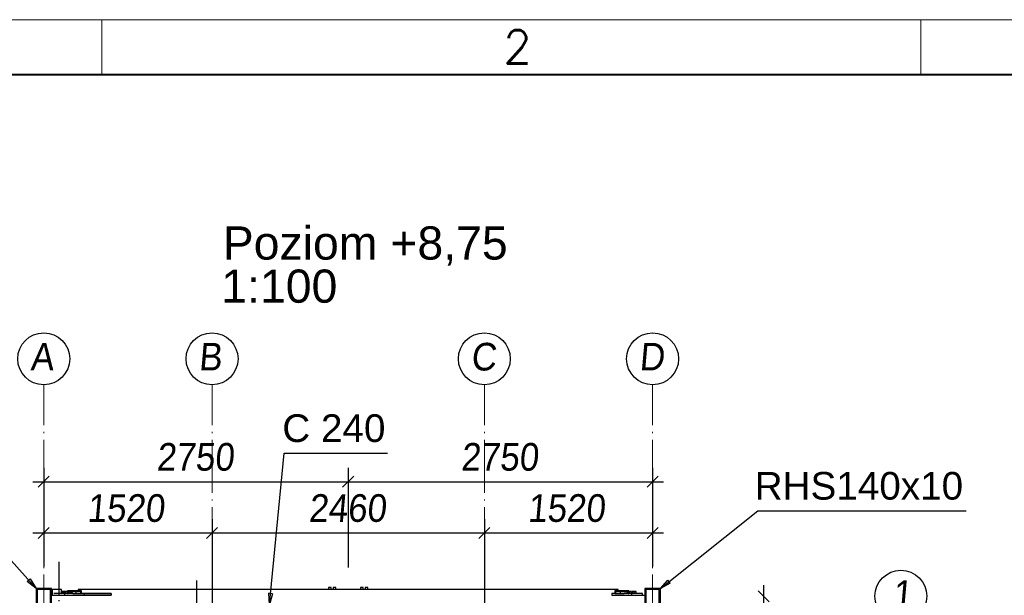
# Paper-space layout 'A0 Advance Steel' of a CAD drawing. Header units: millimetres. Extents: x 228 to 822, y 214 to 634.
# Tile 45 of 76: x 296 to 385, y 582 to 634. Entities that reach past the tile are written whole.
import ezdxf

# ---------------------------------------------------------------- set-up
doc = ezdxf.new("R2010")
doc.units = ezdxf.units.MM
doc.linetypes.add('ACAD_ISO04W100', pattern=[30, 24, -3, 0, -3])
doc.layers.get('0').update_dxf_attribs({"linetype": 'CONTINUOUS'})
for name, color, linetype, lineweight in [('5', 7, 'CONTINUOUS', 15), ('RAHM2', 1, 'CONTINUOUS', 15), ('RAHM3', 51, 'CONTINUOUS', 30), ('RAHM5', 3, 'CONTINUOUS', 40)]:
    doc.layers.add(name, color=color, linetype=linetype, lineweight=lineweight)
for name, color, linetype in [('AS_Belki', 145, 'CONTINUOUS'), ('AS_Blachy', 30, 'CONTINUOUS'), ('AS_DIM_ON', 7, 'CONTINUOUS'), ('AS_Schody', 253, 'CONTINUOUS'), ('AS_Sruby', 9, 'CONTINUOUS')]:
    doc.layers.add(name, color=color, linetype=linetype)
doc.styles.add('Arial', font='arial.ttf')
doc.styles.add('ARIAL_1', font='arial.ttf', dxfattribs={"width": 0.9, "oblique": 5})
doc.styles.add('ROMANS', font='romans.shx', dxfattribs={"width": 0.9})

# ---------------------------------------------------------------- blocks, each defined once
blk = doc.blocks.new('132QEWDSAASD')
at = {"layer": 'RAHM2'}
for p, q in [((75, 415), (75, 420)), ((149, 415), (149, 420))]:
    blk.add_line(p, q, dxfattribs=at)
blk.add_lwpolyline([(0, 0), (0, 420), (594, 420), (594, 0)], close=True, dxfattribs=at)
at = {"layer": 'RAHM5'}
blk.add_line((589, 415), (5, 415), dxfattribs=at)
at = {"layer": 'RAHM3', "style": 'ROMANS'}
blk.add_text('2', height=3, dxfattribs=at).set_placement((111.267, 416.05))
blk = doc.blocks.new('5ytrhfgvc')
at = {"layer": '5'}
blk.add_blockref('132QEWDSAASD', (0, 0), dxfattribs=at)
blk = doc.blocks.new('324ewdsczxzxcz')
at = {"linetype": 'ACAD_ISO04W100', "lineweight": 5, "ltscale": 0.2}
for p, q in [((303.229, 244.968, -5394.472), (303.229, 340.131, -5394.472)), ((318.429, 244.968), (318.429, 340.131)), ((343.029, 244.968), (343.029, 340.131)), ((358.229, 244.968, 54.54), (358.229, 340.131, 54.54))]:
    blk.add_line(p, q, dxfattribs=at)
for centre in [(303.229, 342.478, -5394.472), (318.429, 342.478), (343.029, 342.478), (358.229, 342.478, 54.54), (380.658, 321.018, -2695.986)]:
    blk.add_circle(centre, 2.347)
at = {"char_height": 2.5, "attachment_point": 1, "style": 'ARIAL_1'}
for s, insert in [('A', (302.007, 343.922, -5394.472)), ('B', (317.207, 343.922)), ('C', (341.807, 343.922)), ('D', (357.007, 343.922, 54.54)), ('1', (379.903, 322.461, -2695.986))]:
    blk.add_mtext_dynamic_manual_height_columns(s, width=4.31573, gutter_width=12.5, heights=[0], dxfattribs=dict(at, insert=insert))

psp = doc.layouts.new('A0 Advance Steel')

# ---------------------------------------------------------------- linework, layer by layer
at = {"color": 0, "linetype": 'ByBlock', "lineweight": -2}
for p, q in [((296.693, 583.393), (296.445, 583.17)), ((297.236, 582.536), (296.445, 583.17)), ((296.693, 583.393), (297.236, 582.536)), ((353.636, 582.536), (354.313, 583.291)), ((354.521, 583.03), (353.636, 582.536)), ((354.521, 583.03), (354.313, 583.291)), ((318.327, 581.086), (318.258, 582.098)), ((318.59, 582.065), (318.258, 582.098)), ((318.59, 582.065), (318.327, 581.086))]:
    psp.add_line(p, q, dxfattribs=at)
at = {"color": 7}
for points in [[(318.327, 581.086), (319.659, 594.778), (328.979, 594.778)], [(297.236, 582.536), (289.711, 590.944), (270.879, 590.944)], [(353.636, 582.536), (362.434, 589.567), (381.265, 589.567)]]:
    psp.add_lwpolyline(points, dxfattribs=at)
at = {"layer": 'AS_Belki', "linetype": 'Continuous', "ltscale": 0.15}
for p, q in [((298.636, 582.536), (297.236, 582.536)), ((297.236, 582.536), (297.236, 581.136)), ((298.536, 582.436), (297.336, 582.436)), ((297.336, 582.436), (297.336, 581.236)), ((298.536, 581.236), (298.536, 582.436)), ((298.636, 581.136), (298.636, 582.536)), ((300.086, 582.336), (300.076, 582.336)), ((300.076, 582.336), (300.076, 582.086)), ((300.076, 582.086), (300.086, 582.086)), ((301.358, 582.336), (300.086, 582.336)), ((300.086, 582.086), (300.086, 582.336)), ((300.086, 582.086), (300.149, 582.086)), ((300.149, 582.286), (301.294, 582.286)), ((300.149, 582.086), (300.149, 582.286)), ((300.556, 582.086), (300.823, 582.086)), ((300.823, 582.286), (300.823, 582.086)), ((300.823, 582.086), (301.294, 582.086)), ((349.836, 582.436), (301.036, 582.436)), ((301.036, 582.436), (301.036, 582.336)), ((301.294, 582.086), (301.294, 582.286)), ((301.294, 582.086), (301.358, 582.086)), ((301.358, 582.086), (301.358, 582.336)), ((301.358, 582.086), (304.036, 582.086)), ((301.929, 582.086), (301.929, 582.076)), ((301.929, 581.916), (301.929, 581.906)), ((304.036, 582.086), (304.036, 582.076)), ((350.786, 582.336), (349.515, 582.336)), ((349.515, 582.336), (349.515, 582.086)), ((349.515, 582.086), (349.578, 582.086)), ((349.578, 582.286), (350.723, 582.286)), ((349.578, 582.286), (349.578, 582.086)), ((349.578, 582.086), (350.049, 582.086)), ((349.836, 582.336), (349.836, 582.436)), ((349.836, 582.076), (349.836, 582.086)), ((349.836, 581.906), (349.836, 581.916)), ((350.049, 582.086), (350.049, 582.286)), ((350.049, 582.086), (350.363, 582.086)), ((350.723, 582.286), (350.723, 582.086)), ((350.723, 582.086), (350.786, 582.086)), ((350.796, 582.336), (350.786, 582.336)), ((350.786, 582.336), (350.786, 582.086)), ((350.786, 582.086), (350.796, 582.086)), ((350.796, 582.086), (350.796, 582.336)), ((353.636, 582.536), (352.236, 582.536)), ((352.236, 582.536), (352.236, 581.136)), ((353.536, 582.436), (352.336, 582.436)), ((352.336, 582.436), (352.336, 581.236)), ((353.536, 581.236), (353.536, 582.436)), ((353.636, 581.136), (353.636, 582.536))]:
    psp.add_line(p, q, dxfattribs=at)
at = {"layer": 'AS_Blachy', "linetype": 'Continuous', "ltscale": 0.15}
for p, q in [((298.636, 581.916), (299.717, 581.916)), ((299.831, 582.076), (298.838, 582.076)), ((299.717, 581.916), (299.831, 581.916)), ((301.612, 582.076), (299.831, 582.076)), ((299.831, 581.916), (299.831, 582.076)), ((299.831, 581.916), (300.021, 581.916)), ((300.021, 581.916), (301.612, 581.916)), ((300.083, 581.916), (300.083, 581.906)), ((300.936, 581.906), (300.936, 581.916)), ((301.612, 581.916), (301.612, 582.076)), ((304.036, 582.076), (301.612, 582.076)), ((301.612, 581.916), (304.036, 581.916)), ((304.036, 582.076), (304.036, 581.916)), ((351.041, 582.076), (349.26, 582.076)), ((349.26, 582.076), (349.26, 581.916)), ((349.26, 581.916), (351.041, 581.916)), ((349.936, 581.916), (349.936, 581.906)), ((350.789, 581.906), (350.789, 581.916)), ((352.035, 582.076), (351.041, 582.076)), ((351.041, 582.076), (351.041, 581.916)), ((351.041, 581.916), (351.155, 581.916)), ((351.155, 581.916), (352.236, 581.916)), ((352.035, 581.916), (352.035, 582.076))]:
    psp.add_line(p, q, dxfattribs=at)
at = {"layer": 'AS_DIM_ON', "color": 8}
for p, q in [((297.936, 593.434), (297.936, 584.536)), ((325.436, 593.434), (325.436, 584.436)), ((352.936, 593.434), (352.936, 584.536)), ((296.936, 592.184), (325.436, 592.184)), ((325.436, 592.184), (353.936, 592.184)), ((297.936, 588.807), (297.936, 584.536)), ((313.136, 588.807), (313.136, 569.336)), ((337.736, 588.807), (337.736, 569.336)), ((352.936, 588.807), (352.936, 584.536)), ((296.936, 587.557), (313.136, 587.557)), ((313.136, 587.557), (337.736, 587.557)), ((337.736, 587.557), (353.936, 587.557)), ((362.974, 554.336), (362.974, 582.836))]:
    psp.add_line(p, q, dxfattribs=at)
at = {"layer": 'AS_DIM_ON', "color": 8, "linetype": 'ByBlock', "lineweight": -2}
for p, q in [((298.436, 592.684), (297.436, 591.684)), ((324.936, 591.684), (325.936, 592.684)), ((325.936, 592.684), (324.936, 591.684)), ((352.436, 591.684), (353.436, 592.684)), ((298.436, 588.057), (297.436, 587.057)), ((312.636, 587.057), (313.636, 588.057)), ((313.636, 588.057), (312.636, 587.057)), ((337.236, 587.057), (338.236, 588.057)), ((338.236, 588.057), (337.236, 587.057)), ((352.436, 587.057), (353.436, 588.057)), ((363.474, 581.336), (362.474, 582.336))]:
    psp.add_line(p, q, dxfattribs=at)
at = {"layer": 'AS_Schody', "linetype": 'Continuous', "ltscale": 0.15}
for p, q in [((299.544, 582.436), (298.694, 582.436)), ((298.694, 582.436), (298.694, 581.916)), ((299.544, 582.076), (299.544, 582.436))]:
    psp.add_line(p, q, dxfattribs=at)
at = {"layer": 'AS_Schody', "color": 10, "linetype": 'ACAD_ISO04W100', "ltscale": 0.15}
for points in [[(299.321, 565.636), (299.321, 568.136), (299.321, 582.436), (299.321, 584.936)], [(311.767, 565.636), (311.767, 568.136), (311.767, 580.766), (311.767, 583.266)]]:
    psp.add_lwpolyline(points, dxfattribs=at)
at = {"layer": 'AS_Sruby', "linetype": 'Continuous', "ltscale": 0.15}
for p, q in [((323.652, 582.616), (323.649, 582.616)), ((323.649, 582.616), (323.649, 582.436)), ((323.674, 582.616), (323.652, 582.616)), ((323.709, 582.616), (323.674, 582.616)), ((323.754, 582.616), (323.709, 582.616)), ((323.8, 582.616), (323.754, 582.616)), ((323.842, 582.616), (323.8, 582.616)), ((323.873, 582.616), (323.842, 582.616)), ((323.887, 582.616), (323.873, 582.616)), ((323.887, 582.436), (323.887, 582.616)), ((324.085, 582.616), (324.081, 582.616)), ((324.081, 582.616), (324.081, 582.436)), ((324.106, 582.616), (324.085, 582.616)), ((324.142, 582.616), (324.106, 582.616)), ((324.186, 582.616), (324.142, 582.616)), ((324.233, 582.616), (324.186, 582.616)), ((324.275, 582.616), (324.233, 582.616)), ((324.305, 582.616), (324.275, 582.616)), ((324.32, 582.616), (324.305, 582.616)), ((324.32, 582.436), (324.32, 582.616)), ((326.567, 582.616), (326.553, 582.616)), ((326.553, 582.616), (326.553, 582.436)), ((326.598, 582.616), (326.567, 582.616)), ((326.639, 582.616), (326.598, 582.616)), ((326.686, 582.616), (326.639, 582.616)), ((326.731, 582.616), (326.686, 582.616)), ((326.766, 582.616), (326.731, 582.616)), ((326.787, 582.616), (326.766, 582.616)), ((326.791, 582.616), (326.787, 582.616)), ((326.791, 582.436), (326.791, 582.616)), ((327, 582.616), (326.985, 582.616)), ((326.985, 582.616), (326.985, 582.436)), ((327.03, 582.616), (327, 582.616)), ((327.072, 582.616), (327.03, 582.616)), ((327.119, 582.616), (327.072, 582.616)), ((327.163, 582.616), (327.119, 582.616)), ((327.199, 582.616), (327.163, 582.616)), ((327.22, 582.616), (327.199, 582.616)), ((327.223, 582.616), (327.22, 582.616)), ((327.223, 582.436), (327.223, 582.616)), ((299.633, 582.266), (299.544, 582.266)), ((299.578, 582.116), (299.544, 582.116)), ((299.621, 582.116), (299.578, 582.116)), ((299.664, 582.116), (299.621, 582.116)), ((299.79, 582.266), (299.633, 582.266)), ((299.633, 582.266), (299.633, 582.116)), ((299.704, 582.116), (299.664, 582.116)), ((299.74, 582.116), (299.704, 582.116)), ((299.771, 582.116), (299.74, 582.116)), ((299.796, 582.116), (299.771, 582.116)), ((299.79, 582.116), (299.79, 582.266)), ((299.809, 582.266), (299.79, 582.266)), ((299.813, 582.116), (299.796, 582.116)), ((299.809, 582.116), (299.809, 582.266)), ((299.817, 582.116), (299.813, 582.116)), ((299.825, 582.116), (299.817, 582.116)), ((299.817, 582.116), (299.817, 582.076)), ((299.841, 582.116), (299.825, 582.116)), ((299.864, 582.116), (299.841, 582.116)), ((299.88, 582.266), (299.851, 582.266)), ((299.851, 582.266), (299.851, 582.116)), ((299.894, 582.116), (299.864, 582.116)), ((300.065, 582.266), (299.88, 582.266)), ((299.88, 582.266), (299.88, 582.116)), ((299.929, 582.116), (299.894, 582.116)), ((299.968, 582.116), (299.929, 582.116)), ((300.01, 582.116), (299.968, 582.116)), ((300.054, 582.116), (300.01, 582.116)), ((300.076, 582.116), (300.054, 582.116)), ((300.076, 582.266), (300.065, 582.266)), ((300.065, 582.266), (300.065, 582.116)), ((300.222, 582.266), (300.149, 582.266)), ((300.173, 582.116), (300.15, 582.116)), ((300.204, 582.116), (300.173, 582.116)), ((300.228, 582.116), (300.204, 582.116)), ((300.222, 582.116), (300.222, 582.266)), ((300.336, 582.266), (300.222, 582.266)), ((300.246, 582.116), (300.228, 582.116)), ((300.255, 582.116), (300.246, 582.116)), ((300.256, 582.116), (300.255, 582.116)), ((300.256, 582.076), (300.256, 582.116)), ((300.293, 582.116), (300.256, 582.116)), ((300.336, 582.116), (300.293, 582.116)), ((300.509, 582.266), (300.336, 582.266)), ((300.336, 582.266), (300.336, 582.116)), ((300.379, 582.116), (300.336, 582.116)), ((300.42, 582.116), (300.379, 582.116)), ((300.458, 582.116), (300.42, 582.116)), ((300.492, 582.116), (300.458, 582.116)), ((300.519, 582.116), (300.492, 582.116)), ((300.509, 582.116), (300.509, 582.266)), ((300.539, 582.116), (300.519, 582.116)), ((300.552, 582.116), (300.539, 582.116)), ((300.556, 582.116), (300.552, 582.116)), ((300.556, 582.076), (300.556, 582.116)), ((350.536, 582.106), (350.363, 582.106)), ((350.363, 582.106), (350.363, 582.076)), ((350.616, 582.106), (350.536, 582.106)), ((350.536, 582.106), (350.536, 582.076)), ((350.617, 582.116), (350.616, 582.116)), ((350.616, 582.116), (350.616, 582.076)), ((350.626, 582.116), (350.617, 582.116)), ((350.644, 582.116), (350.626, 582.116)), ((350.668, 582.116), (350.644, 582.116)), ((350.723, 582.266), (350.65, 582.266)), ((350.65, 582.266), (350.65, 582.116)), ((350.7, 582.116), (350.668, 582.116)), ((350.722, 582.116), (350.7, 582.116)), ((350.807, 582.266), (350.796, 582.266)), ((350.819, 582.116), (350.796, 582.116)), ((350.993, 582.266), (350.807, 582.266)), ((350.807, 582.266), (350.807, 582.116)), ((350.862, 582.116), (350.819, 582.116)), ((350.904, 582.116), (350.862, 582.116)), ((350.943, 582.116), (350.904, 582.116)), ((350.979, 582.116), (350.943, 582.116)), ((351.008, 582.116), (350.979, 582.116)), ((351.021, 582.266), (350.993, 582.266)), ((350.993, 582.266), (350.993, 582.116)), ((351.032, 582.116), (351.008, 582.116)), ((351.021, 582.116), (351.021, 582.266)), ((351.047, 582.116), (351.032, 582.116)), ((351.055, 582.116), (351.047, 582.116)), ((351.059, 582.116), (351.055, 582.116)), ((351.055, 582.076), (351.055, 582.116)), ((351.076, 582.116), (351.059, 582.116)), ((351.101, 582.116), (351.076, 582.116)), ((351.24, 582.266), (351.082, 582.266)), ((351.082, 582.266), (351.082, 582.116)), ((351.132, 582.116), (351.101, 582.116)), ((351.168, 582.116), (351.132, 582.116)), ((351.209, 582.116), (351.168, 582.116)), ((351.251, 582.116), (351.209, 582.116)), ((351.425, 582.266), (351.24, 582.266)), ((351.24, 582.266), (351.24, 582.116)), ((351.294, 582.116), (351.251, 582.116)), ((351.336, 582.116), (351.294, 582.116)), ((351.376, 582.116), (351.336, 582.116)), ((351.411, 582.116), (351.376, 582.116)), ((351.441, 582.116), (351.411, 582.116)), ((351.454, 582.266), (351.425, 582.266)), ((351.425, 582.266), (351.425, 582.116)), ((351.464, 582.116), (351.441, 582.116)), ((351.454, 582.116), (351.454, 582.266)), ((351.48, 582.116), (351.464, 582.116)), ((351.487, 582.116), (351.48, 582.116)), ((351.487, 582.076), (351.487, 582.116))]:
    psp.add_line(p, q, dxfattribs=at)

# ---------------------------------------------------------------- block references
psp.add_blockref('324ewdsczxzxcz', (-5.293, 260.818, -1221.948))
at = {"layer": '5'}
psp.add_blockref('5ytrhfgvc', (228.18, 213.953, 26127.238), dxfattribs=at)

# ---------------------------------------------------------------- texts
at = {"color": 84, "style": 'Arial'}
for s, p in [('Poziom +8,75', (314.106, 612.267)), ('1:100', (313.973, 608.367))]:
    psp.add_text(s, height=3, dxfattribs=at).set_placement(p)
at = {"color": 7, "style": 'Arial'}
for s, p in [('C 240', (319.485, 595.778)), ('RHS140x10', (362.159, 590.567))]:
    psp.add_text(s, height=2.5, dxfattribs=at).set_placement(p)
at = {"layer": 'AS_DIM_ON', "color": 9, "style": 'ARIAL_1', "oblique": 5, "width": 0.9}
for s, p in [('2750', (308.107, 593.184)), ('2750', (335.607, 593.184)), ('1520', (301.832, 588.557)), ('2460', (321.857, 588.557)), ('1520', (341.632, 588.557))]:
    psp.add_text(s, height=2.5, dxfattribs=at).set_placement(p)

doc.saveas('drawing.dxf')

____________________

__WORK ORDER__
Return all lines from the material that contain "ROMANS".

__SOLUTION TO THE PROBLEM__
doc.styles.add('ROMANS', font='romans.shx', dxfattribs={"width": 0.9})
at = {"layer": 'RAHM3', "style": 'ROMANS'}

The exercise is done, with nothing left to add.